Medicare marketing compliance is not optional and it is not a vendor concern alone · CMS holds the plan and the contracted entity accountable. The non-negotiables to verify with any AEP vendor:

  • AHIP-aligned scripts. Even though fronters do not enroll, scripts must avoid prohibited language, comparative claims, and steering. Have your compliance team review the actual script the vendor will use, not a sample.
  • Recording retention. Industry standard is 10 years for Medicare marketing calls. Confirm whether recordings live in the vendor tenant or yours, and how retrieval works for an audit. If you cannot produce a recording within 24 hours of a CMS request, the chain of custody is broken.
  • MCMG-reviewed disclosures. Whatever the fronter says about plans, brokers, or carriers must align with the Medicare Communications and Marketing Guidelines. Review the disclosure script word for word.
  • SOA collection. If the fronter collects Scope of Appointment, the SOA must precede the plan discussion and be retained for 10 years. Your plan partner usually dictates the SOA template.
  • Recording posture: tenant or vendor. Many buyers prefer recordings to land in their own S3 or recording archive (vendor uploads via webhook or SFTP). Others accept vendor-side custody with a 24-hour pull SLA. Pick one and write it into the contract.
  • TCPA list hygiene. If the vendor is dialing a list, who scrubbed it? Whose DNC database is canonical? When was the last federal DNC sync? These should not be ambiguous.

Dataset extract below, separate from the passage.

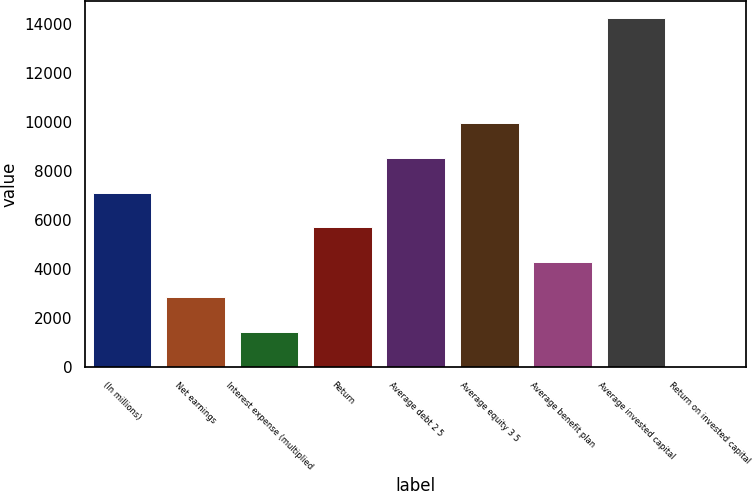Convert chart to OTSL. <chart><loc_0><loc_0><loc_500><loc_500><bar_chart><fcel>(In millions)<fcel>Net earnings<fcel>Interest expense (multiplied<fcel>Return<fcel>Average debt 2 5<fcel>Average equity 3 5<fcel>Average benefit plan<fcel>Average invested capital<fcel>Return on invested capital<nl><fcel>7126.9<fcel>2857.24<fcel>1434.02<fcel>5703.68<fcel>8550.12<fcel>9973.34<fcel>4280.46<fcel>14243<fcel>10.8<nl></chart> 
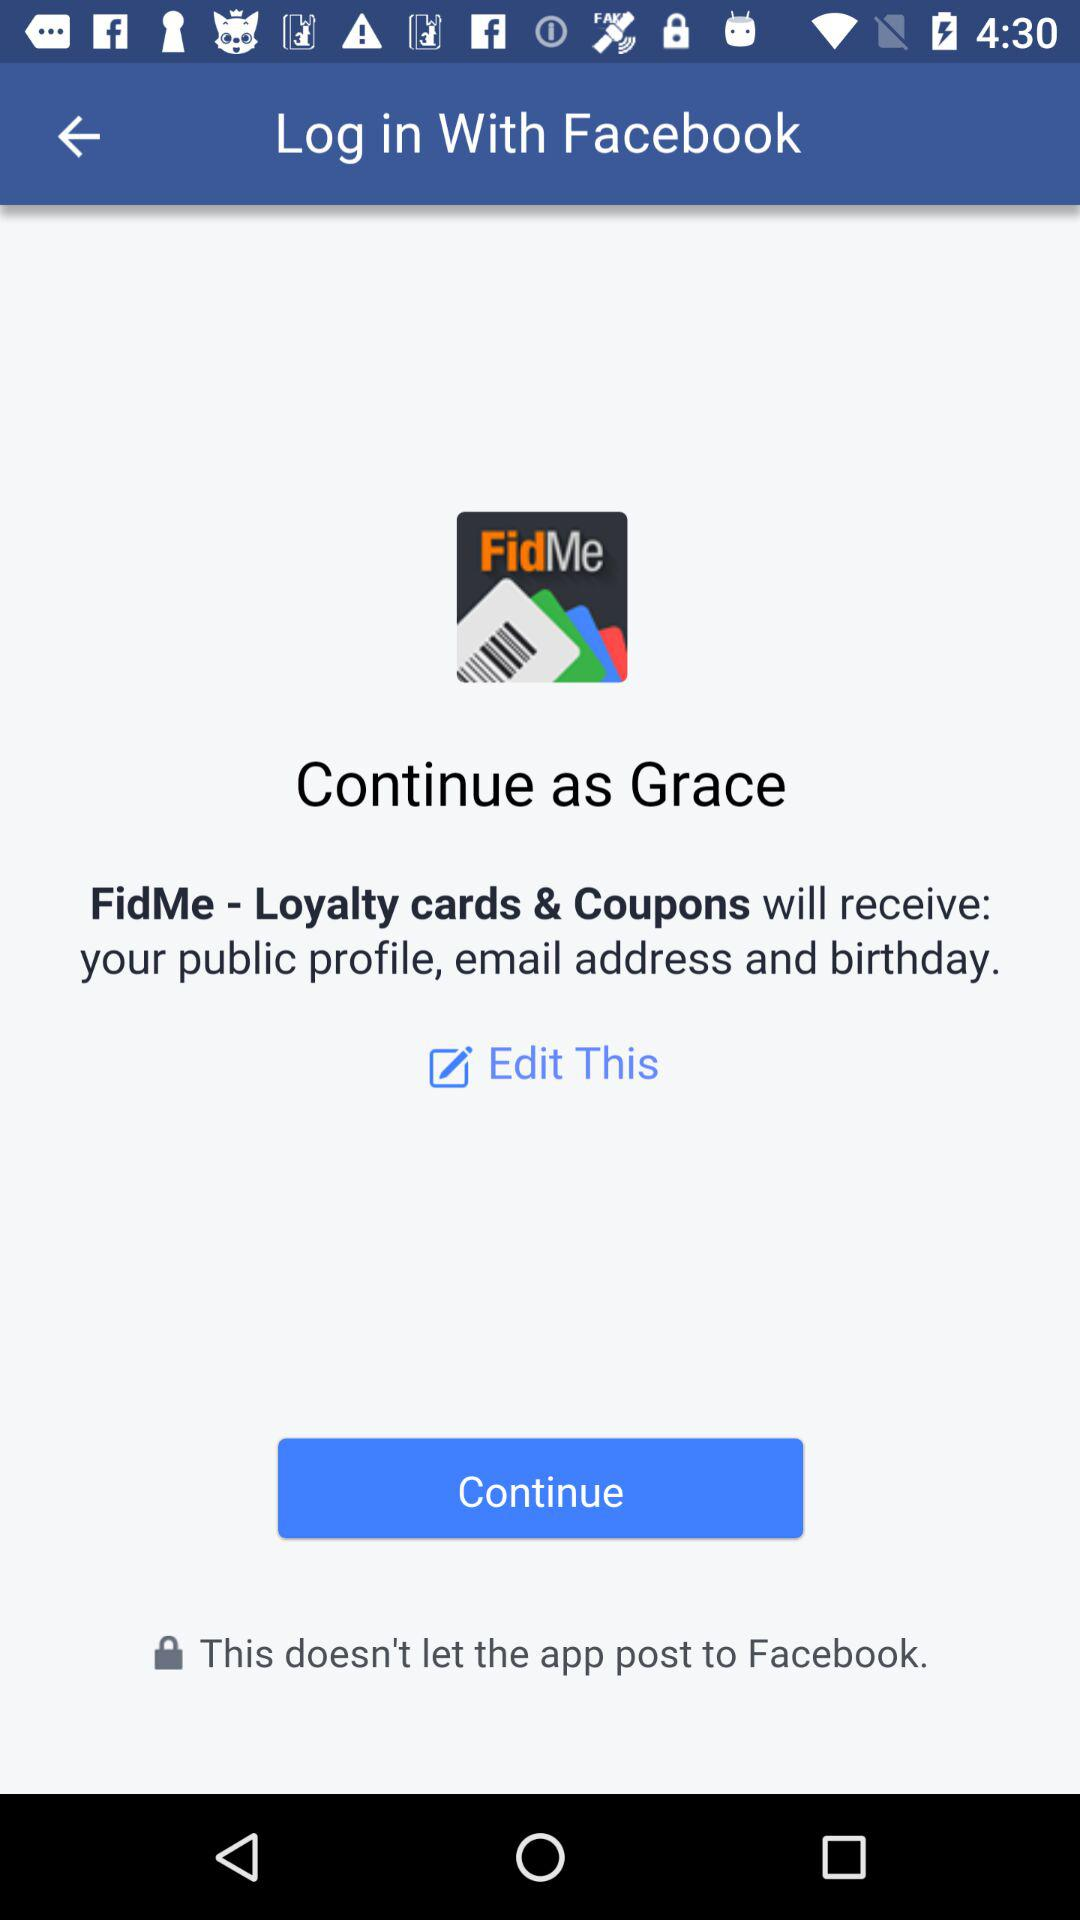Who will receive the public profile? The application "FidMe - Loyalty cards & Coupons" will receive the public profile. 
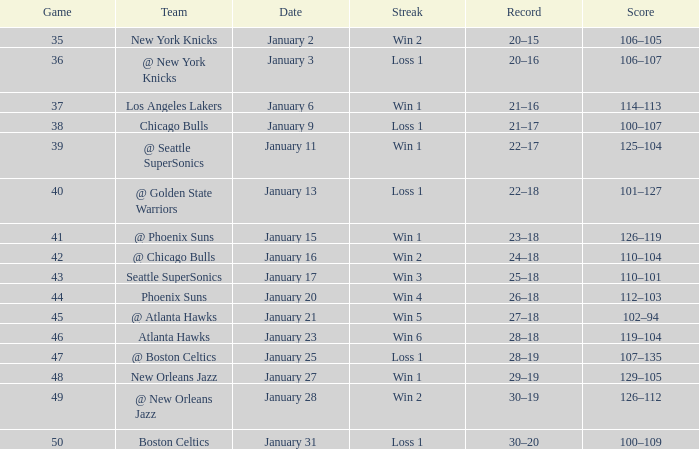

7 questions to ask any AEP fronter vendor

Use these in your evaluation calls. The goal is not a yes or no · it is to listen for hesitation, vague answers, or vendor reps who route the question to someone else.

  1. Show me a redacted recording of an AEP fronter call from last season. Not a scripted demo · a real call. If they cannot produce one within 48 hours, they either do not record or do not retain.
  2. What is your fronter-to-closer transfer-to-app rate from last AEP, and how do you measure it? The answer should include a methodology (which closers, which weeks, which lead sources). A single percentage with no methodology is a marketing number.
  3. How do you train fronters on AHIP and MCMG without licensing them? Look for a documented training program, not just "our agents have done Medicare for years."
  4. Where do recordings live, and what is your retrieval SLA? Tenant ownership or vendor-side, retrieval window, retention period in years. All three answers should be specific.
  5. What happens when a fronter accidentally recommends a plan? The right answer involves QA monitoring, immediate coaching, and an escalation path. The wrong answer is "our agents do not do that."
  6. How do you flex headcount between AEP and off-season? Look for a real plan to retain top performers on adjacent campaigns (T-65, SEP, insurance). Vendors that just lay off and re-hire churn through your training every year.
  7. What does a 20-seat ramp from contract sign to live calls look like? If the answer is more than 5 weeks, you are paying for inefficiency. If it is less than 2 weeks, you are paying for warm bodies.

Putting it together

The buyers who get the best AEP economics from a nearshore partner do four things consistently: they treat fronting as a separate operational function from closing (not a cheaper version of the same thing), they brief the vendor on plan portfolio and lead sources before training starts, they monitor a sample of calls weekly during AEP instead of waiting for a quarterly review, and they retain the vendor's top performers on adjacent campaigns so the institutional knowledge does not reset every August.

If your AEP CPA is climbing year over year and your in-house closer hours are pinned, the lever is almost always pre-qualification labor. Nearshore is not the only answer. Done well, it is the cheapest one that holds up under CMS scrutiny.